No MTU problem as far as I know, every interface has a MTU of 1500 and ping -D -s 1472 <IP on the Internet> works everywhere on my network both with and without the --clamp-mss-to-pmtu rule. The only difference being that with this rule I get 1/3 of the throughput when going through the NAT.

That is strange because the --clamp-mss-to-pmtu should only set the Maximum Segment Size for tcp connections to the “Path Maximum Transmission Units - 40 Bytes (Size of the TCP headers)” which should be the optimal value.

Can you run tcpdump and check how large the packets of a download are with and without the rule?

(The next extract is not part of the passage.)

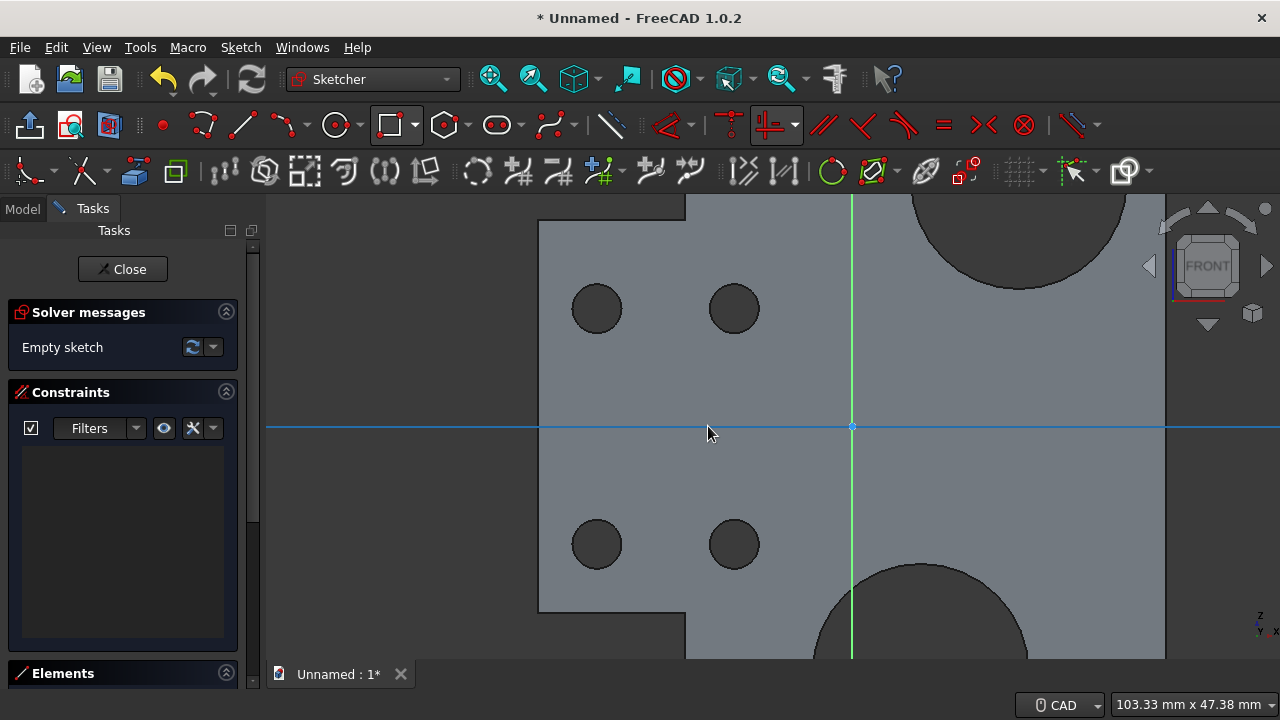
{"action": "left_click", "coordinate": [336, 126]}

You are right, capturing packets revealed something:

  • With --clamp-mss-to-pmtu TCP MSS is 536 bytes
  • Without --clamp-mss-to-pmtu TCP MSS is 1460 bytes

Who set the PMTU to 576? If red and green has mtu/mru 1500 it should be 1500.

I don’t know where it comes from, not from me at least.

My larger point being that --clamp-mss-to-pmtu feels like a hack with hard to diagnose side effects and thus should probably be enabled only when behind an ISP messing with ICMP.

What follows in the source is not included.